I started benchmarking several setups (found on level1tech, reddit and the arch wiki) using Superpossition Demo to compare perfomance results, and LatencyMon 6.70 in order to measure the input lag.

Unfortunately, after several hours of testing I had to learn that those two categories weren’t enough to guarantee a decent gaming experience. Additionally, even when I had one game running smoothly it was not guaranteed that others were not stuttering.

I had to extend my observations.

Instead of testing the performance with the Superpossition demo (measuring FPS only), I used three games to measure my progress.

  • Player Unknowns Battlegrounds (PUBG)
    • which is CPU demanding
  • Apex Legends
    • which is GPU demanding
  • Blizzards Overwatch (OW)
    • which has a pretty low profile

As the previous tests had shown, FPS alone are no reliable performance measurement in a virtual gaming environment.

Thus I came up with the following rules:

  1. Input lag  – the smallest possible input latency is crucial for gaming.
  2. Consistency – no freezes and/or stuttering should
  3. Performance – more is better, gaming performance is measured in frames per second (fps)
  4. Stability – there shall be no crashes!
  5. Compatibility – don’t get banned, work fluently with anti-cheat tools etc.
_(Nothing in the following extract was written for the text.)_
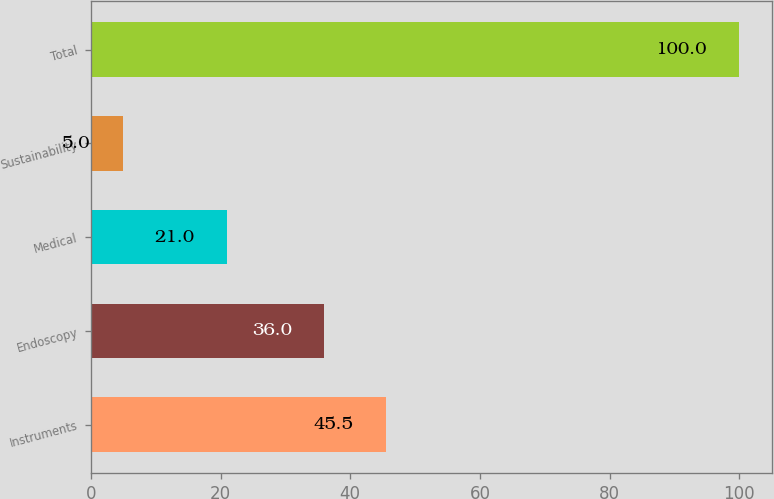Convert chart. <chart><loc_0><loc_0><loc_500><loc_500><bar_chart><fcel>Instruments<fcel>Endoscopy<fcel>Medical<fcel>Sustainability<fcel>Total<nl><fcel>45.5<fcel>36<fcel>21<fcel>5<fcel>100<nl></chart> 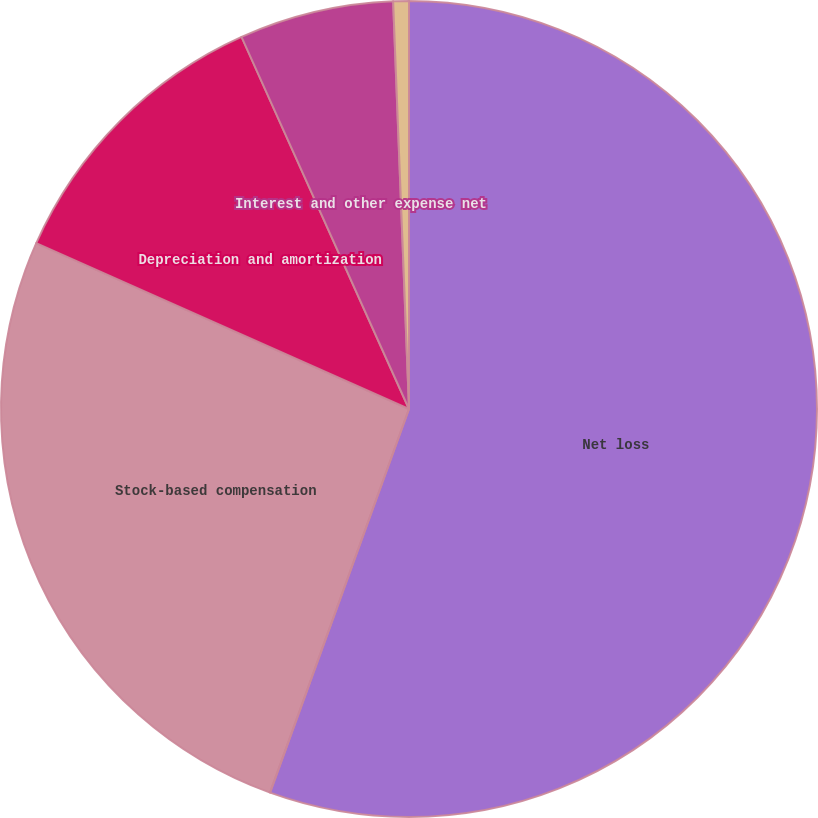Convert chart. <chart><loc_0><loc_0><loc_500><loc_500><pie_chart><fcel>Net loss<fcel>Stock-based compensation<fcel>Depreciation and amortization<fcel>Interest and other expense net<fcel>Provision (benefit) for income<nl><fcel>55.52%<fcel>26.13%<fcel>11.6%<fcel>6.11%<fcel>0.62%<nl></chart>

Whereas 1 is more important than 2 is more important than 3 and so on.

Benchmarking Results

I have forged two libvirt XML files during the tests.

One for i440fx and one for Q35 chipsets. I reached the better gaming experience on a virtual machine with i440fx, Windows 10 1803 configuration.
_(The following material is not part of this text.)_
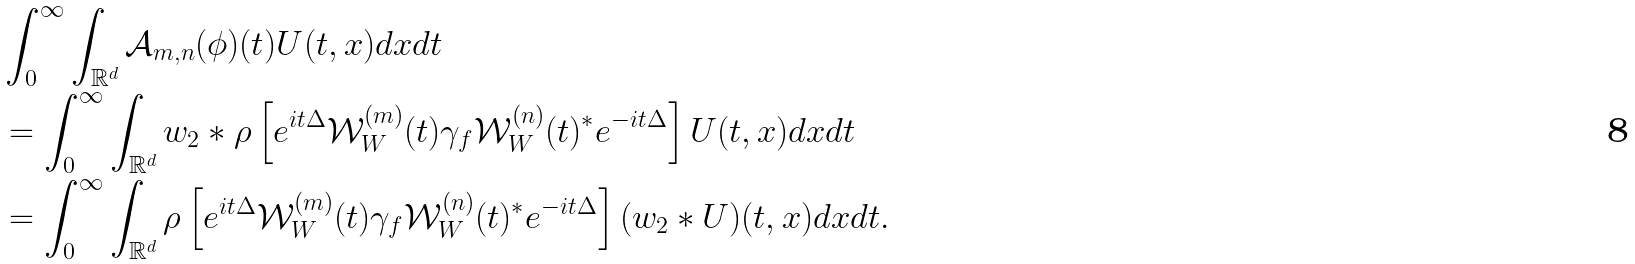<formula> <loc_0><loc_0><loc_500><loc_500>& \int _ { 0 } ^ { \infty } \int _ { \mathbb { R } ^ { d } } \mathcal { A } _ { m , n } ( \phi ) ( t ) U ( t , x ) d x d t \\ & = \int _ { 0 } ^ { \infty } \int _ { \mathbb { R } ^ { d } } w _ { 2 } * \rho \left [ e ^ { i t \Delta } \mathcal { W } _ { W } ^ { ( m ) } ( t ) \gamma _ { f } \mathcal { W } _ { W } ^ { ( n ) } ( t ) ^ { * } e ^ { - i t \Delta } \right ] U ( t , x ) d x d t \\ & = \int _ { 0 } ^ { \infty } \int _ { \mathbb { R } ^ { d } } \rho \left [ e ^ { i t \Delta } \mathcal { W } _ { W } ^ { ( m ) } ( t ) \gamma _ { f } \mathcal { W } _ { W } ^ { ( n ) } ( t ) ^ { * } e ^ { - i t \Delta } \right ] ( w _ { 2 } * U ) ( t , x ) d x d t .</formula>

Passages from QEMU 4.1, i440fx chipset libvirt config file

<domain type='kvm' xmlns:qemu='http://libvirt.org/schemas/domain/qemu/1.0'>
  <name>win10-1803-i440fx</name>
  <uuid>073f2a4e-5ab2-4bc7-99c2-2ac006adc87e</uuid>
  <memory unit='KiB'>16777216</memory>
  <currentMemory unit='KiB'>16777216</currentMemory>
  <memoryBacking> <!-- hugepages enable -->
    <hugepages/>
  </memoryBacking>
  <vcpu placement='static'>8</vcpu>
  <iothreads>2</iothreads>
  <cputune>
    <vcpupin vcpu='0' cpuset='8'/>
    <vcpupin vcpu='1' cpuset='9'/>
    <vcpupin vcpu='2' cpuset='10'/>
    <vcpupin vcpu='3' cpuset='11'/>
    <vcpupin vcpu='4' cpuset='12'/>
    <vcpupin vcpu='5' cpuset='13'/>
    <vcpupin vcpu='6' cpuset='14'/>
    <vcpupin vcpu='7' cpuset='15'/>
    <emulatorpin cpuset='0-3'/>
    <iothreadpin iothread='1' cpuset='0-1'/>
    <iothreadpin iothread='2' cpuset='2-3'/>
  </cputune>
  <os>
    <type arch='x86_64' machine='pc-i440fx-4.1'>hvm</type>
    <loader readonly='yes' type='pflash'>/usr/share/OVMF/OVMF_CODE.fd</loader>
       [...]
  </os>
  <features>
    <acpi/>
    <apic/>
    <hyperv>
      <relaxed state='on'/>
<vapic state='on'/>
<spinlocks state='on' retries='8191'/>
<vpindex state='on'/>
<synic state='on'/>
<stimer state='on'/>
<reset state='on'/>
<vendor_id state='on' value='1234567890ab'/> <!-- nvidia error code 43 prevention -->
<frequencies state='on'/> </hyperv> <kvm> <hidden state='on'/> <!-- nvidia error code 43 prevention --> </kvm> <vmport state='off'/> <ioapic driver='kvm'/> <!-- required for QEMU 4.0 or later --> </features> <cpu mode='custom' match='exact' check='none'>
<model fallback='allow'>EPYC</model>
<topology sockets='1' cores='4' threads='2'/>
<feature policy='require' name='topoext'/>
<feature policy='require' name='svm'/>
<feature policy='require' name='apic'/>
<feature policy='require' name='hypervisor'/>
<feature policy='require' name='invtsc'/>
</cpu>
<clock offset='localtime'> <timer name='rtc' present='no' tickpolicy='catchup'/> <timer name='pit' present='no' tickpolicy='delay'/> <timer name='hpet' present='no'/> <timer name='hypervclock' present='yes'/> <timer name='tsc' present='yes' mode='native'/> </clock> [...] <devices> <emulator>/usr/local/bin/qemu4.1-system-x86_64</emulator> [...] </devices> <qemu:commandline> <qemu:env name='QEMU_AUDIO_DRV' value='pa'/> <qemu:env name='QEMU_PA_SAMPLES' value='8192'/> <qemu:env name='QEMU_AUDIO_TIMER_PERIOD' value='99'/> <qemu:env name='QEMU_PA_SERVER' value='/run/user/1000/pulse/native'/> </qemu:commandline> </domain>

[collapse]

With the Q35 settings I reach lower input latency (with stutters though).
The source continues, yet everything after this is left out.